We have argued here that Sd and the Vg-Sd complex differentiate between A- and B-sites. What then are the distinguishing features of these sites? The sequences of the A- and B-sites are quite diverse and their alignment does not reveal different consensus sequence motifs. However, Sd clearly prefers binding to A-sites, and the inability of Sd to bind strongly to B-sites, such as that in the cut element, must therefore be due to the sequence of the template site. Vg-Sd complexes bind with high affinity to only two sites when arranged in tandem, and do not form on single A- or B-sites. Thus, Sd discriminates between A- and B-sites based on sequence, while the binding of Vg-Sd complex depends both on sequence and the arrangement of the sites. We have identified two sites (DSRF and 2xGT) that have A- as well as B-site properties, so these properties are not mutually exclusive. However, many sites exist that are bound well by Sd or Vg-Sd, but not by both. Most of the essential sites for Vg-Sd regulation in vivo have mainly B-site character and are bound poorly by Sd. The identification of the exact sequence requirements that distinguish native essential Sd sites from the known Vg-Sd target sites will require some knowledge of Sd-regulated target genes in other tissues (see below).

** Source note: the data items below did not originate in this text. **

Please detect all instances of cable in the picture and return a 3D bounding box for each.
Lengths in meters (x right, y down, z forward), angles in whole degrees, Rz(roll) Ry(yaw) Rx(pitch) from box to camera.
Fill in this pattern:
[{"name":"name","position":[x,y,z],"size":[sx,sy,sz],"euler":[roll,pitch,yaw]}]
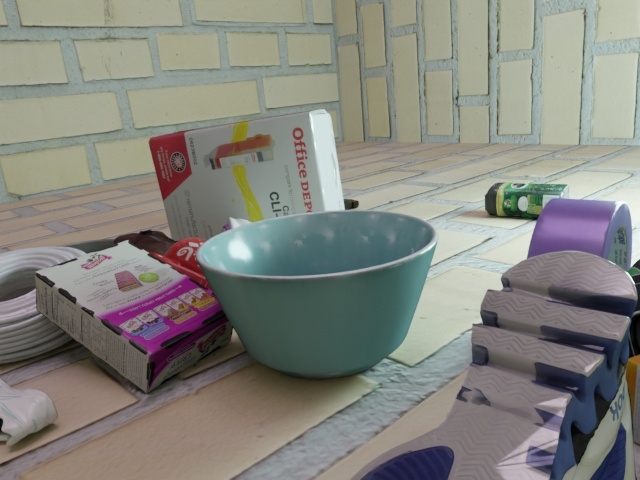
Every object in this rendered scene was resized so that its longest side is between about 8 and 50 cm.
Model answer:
[{"name":"cable","position":[-0.486,0.094,0.860],"size":[0.257,0.089,0.257],"euler":[-1,28,1]}]

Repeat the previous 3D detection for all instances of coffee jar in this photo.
[{"name":"coffee jar","position":[0.497,-0.097,1.300],"size":[0.185,0.079,0.096],"euler":[7,23,34]}]

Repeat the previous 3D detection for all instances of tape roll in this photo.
[{"name":"tape roll","position":[0.322,0.043,0.665],"size":[0.080,0.188,0.189],"euler":[7,20,38]}]

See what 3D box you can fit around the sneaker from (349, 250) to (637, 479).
[{"name":"sneaker","position":[0.145,0.177,0.380],"size":[0.315,0.182,0.127],"euler":[-47,32,-22]}]

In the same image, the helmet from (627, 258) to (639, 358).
[{"name":"helmet","position":[0.399,0.077,0.566],"size":[0.170,0.161,0.169],"euler":[-5,16,1]}]

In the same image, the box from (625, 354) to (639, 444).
[{"name":"box","position":[0.323,0.160,0.451],"size":[0.028,0.081,0.136],"euler":[-12,17,-24]}]

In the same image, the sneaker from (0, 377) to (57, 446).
[{"name":"sneaker","position":[-0.379,0.193,0.616],"size":[0.152,0.053,0.061],"euler":[3,20,24]}]

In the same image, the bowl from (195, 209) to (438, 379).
[{"name":"bowl","position":[0.001,0.070,0.721],"size":[0.312,0.163,0.311],"euler":[-5,17,1]}]

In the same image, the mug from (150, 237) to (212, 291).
[{"name":"mug","position":[-0.196,0.072,0.888],"size":[0.150,0.113,0.169],"euler":[-12,21,-38]}]

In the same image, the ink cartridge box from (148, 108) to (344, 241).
[{"name":"ink cartridge box","position":[-0.160,-0.135,1.235],"size":[0.385,0.279,0.160],"euler":[-6,14,15]}]

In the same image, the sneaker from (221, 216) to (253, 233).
[{"name":"sneaker","position":[-0.106,0.033,1.040],"size":[0.152,0.114,0.305],"euler":[2,15,-27]}]

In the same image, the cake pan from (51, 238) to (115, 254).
[{"name":"cake pan","position":[-0.512,0.061,1.121],"size":[0.293,0.054,0.293],"euler":[-5,16,1]}]

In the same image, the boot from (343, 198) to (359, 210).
[{"name":"boot","position":[0.038,-0.107,1.564],"size":[0.114,0.037,0.106],"euler":[11,9,36]}]

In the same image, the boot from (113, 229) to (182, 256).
[{"name":"boot","position":[-0.339,0.042,1.021],"size":[0.207,0.090,0.248],"euler":[21,18,35]}]

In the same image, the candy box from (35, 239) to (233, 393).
[{"name":"candy box","position":[-0.260,0.096,0.759],"size":[0.233,0.071,0.159],"euler":[27,30,24]}]
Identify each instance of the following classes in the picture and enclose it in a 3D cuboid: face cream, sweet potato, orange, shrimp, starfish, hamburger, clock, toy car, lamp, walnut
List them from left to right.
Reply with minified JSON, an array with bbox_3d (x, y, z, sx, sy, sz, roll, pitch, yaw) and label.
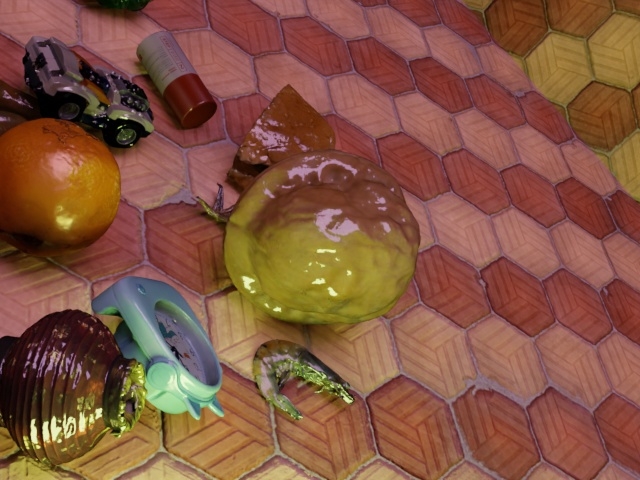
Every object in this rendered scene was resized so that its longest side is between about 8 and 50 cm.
[{"bbox_3d":[-0.649,-0.232,1.711,0.250,0.059,0.069,16,29,-21],"label":"sweet potato"},{"bbox_3d":[-0.637,-0.283,1.757,0.273,0.075,0.075,23,44,-26],"label":"sweet potato"},{"bbox_3d":[-0.476,-0.090,1.586,0.246,0.246,0.246,21,44,-22],"label":"orange"},{"bbox_3d":[-0.386,0.223,1.382,0.247,0.247,0.247,21,44,-22],"label":"lamp"},{"bbox_3d":[-0.463,-0.304,1.835,0.301,0.118,0.193,19,32,-49],"label":"toy car"},{"bbox_3d":[-0.265,0.194,1.549,0.274,0.094,0.223,60,11,17],"label":"clock"},{"bbox_3d":[-0.327,-0.365,2.050,0.096,0.096,0.214,-16,66,-45],"label":"face cream"},{"bbox_3d":[-0.216,-0.066,1.916,0.130,0.041,0.133,17,38,-34],"label":"starfish"},{"bbox_3d":[-0.064,-0.218,2.080,0.209,0.162,0.330,33,36,-8],"label":"hamburger"},{"bbox_3d":[-0.036,0.280,1.752,0.217,0.051,0.150,30,44,-2],"label":"shrimp"},{"bbox_3d":[0.015,0.004,1.813,0.384,0.383,0.383,21,44,-22],"label":"walnut"}]

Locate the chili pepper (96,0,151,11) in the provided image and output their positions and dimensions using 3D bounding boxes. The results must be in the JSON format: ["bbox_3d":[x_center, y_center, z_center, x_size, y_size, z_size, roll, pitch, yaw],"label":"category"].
[{"bbox_3d":[-0.489,-0.709,2.171,0.167,0.213,0.384,58,13,-63],"label":"chili pepper"}]
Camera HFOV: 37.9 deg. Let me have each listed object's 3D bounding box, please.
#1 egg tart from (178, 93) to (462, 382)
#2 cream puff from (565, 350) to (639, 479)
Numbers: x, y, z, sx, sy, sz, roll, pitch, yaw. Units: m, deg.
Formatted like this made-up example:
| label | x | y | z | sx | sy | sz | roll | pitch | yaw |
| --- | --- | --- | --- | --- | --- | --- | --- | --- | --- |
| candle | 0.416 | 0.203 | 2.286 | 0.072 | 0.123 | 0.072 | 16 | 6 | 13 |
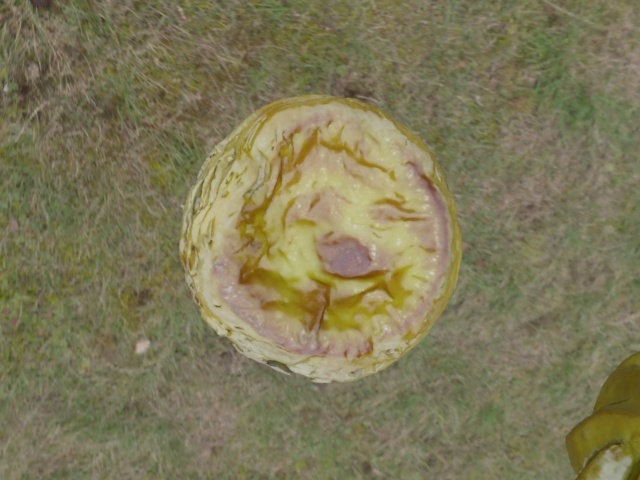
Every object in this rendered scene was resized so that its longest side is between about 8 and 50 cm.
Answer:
| label | x | y | z | sx | sy | sz | roll | pitch | yaw |
| --- | --- | --- | --- | --- | --- | --- | --- | --- | --- |
| egg tart | 0.000 | 0.000 | 0.921 | 0.295 | 0.116 | 0.294 | 4 | 78 | -18 |
| cream puff | 0.350 | 0.264 | 0.807 | 0.270 | 0.274 | 0.323 | 18 | 91 | -46 |
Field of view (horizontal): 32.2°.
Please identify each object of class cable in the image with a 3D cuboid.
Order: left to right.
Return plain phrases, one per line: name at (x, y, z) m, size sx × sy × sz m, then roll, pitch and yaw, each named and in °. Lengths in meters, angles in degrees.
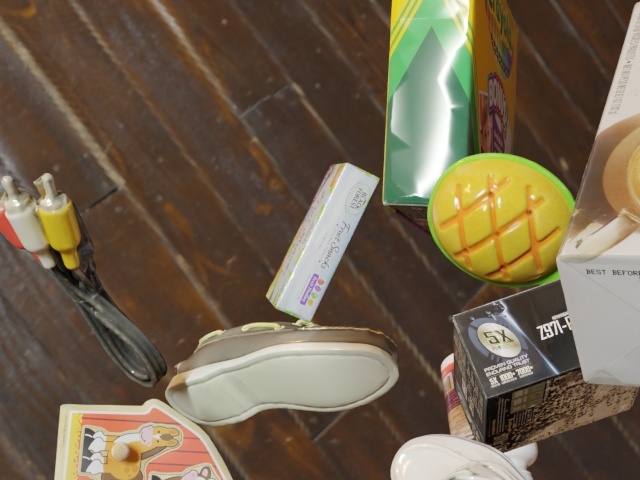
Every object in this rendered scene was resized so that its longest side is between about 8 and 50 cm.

Vg as a determinant of the specificity of Sd action in vivo
Vg binding and its effect on the DNA target selectivity of Sd plays a major role in distinguishing the biological specificity of Sd action in the developing wing from Sd function in other tissues. Sd is required for the development of tissues other than the wing, for example, the eye and the PNS, where it is not co-expressed with Vg (Campbell et al., 1992; Inamdar et al., 1993). Based on our results, we postulate that Sd selects a different set of target genes there, at least in part because its DNA-binding specificity is different in the absence of Vg.
No direct target genes for Sd in these other tissues have been identified. However, many target genes for the vertebrate Sd homolog TEF-1 are known (reviewed by Jacquemin and Davidson, 1997). Sd and TEF-1 may function very similarly, as their TEA domains are 99% identical (Campbell et al., 1992) and have indistinguishable DNA-binding properties in vitro (Halder et al., 1998), and TEF-1 can substitute for Sd in Drosophila (Deshpande et al., 1997). In mammals, TEF-1 directly regulates many genes expressed during muscle differentiation by binding to A-sites containing the so-called m-CAT motif (CATTCCT) (Cooper and Ordahl, 1985; Farrance et al., 1992; Mar and Ordahl, 1990; Nikovits et al., 1986). Importantly, this motif is bound by a single TEF-1 molecule (Farrance et al., 1992). We tested two of these m-CAT sites for Sd binding and found that, as for other single A-sites, Sd alone bound well, but the presence of Vg inhibited Sd binding and did not result in complex formation on DNA. Because these sites are in vivo targets of TEF-1, this suggests that TEF-1 and Sd may directly regulate gene expression by binding to single A-sites alone or in complexes with other factors, but not in complexes containing the Vg/Fdu proteins. Interestingly, it has been found that vertebrate TEF-1 forms a complex with the bHLH protein Max in vivo, and that Max, or another bHLH protein, may be an obligatory co-factor for TEF-1 function during muscle differentiation (Gupta et al., 1997). Because Max contacts DNA sequence specifically, it increases the target selectivity of TEF-1 in muscle cells. The association of TEF-1 with Max may present another example of a tissue-specific co-factor that differentiates the DNA-target selectivity of a TEF transcription factor family member between different tissues.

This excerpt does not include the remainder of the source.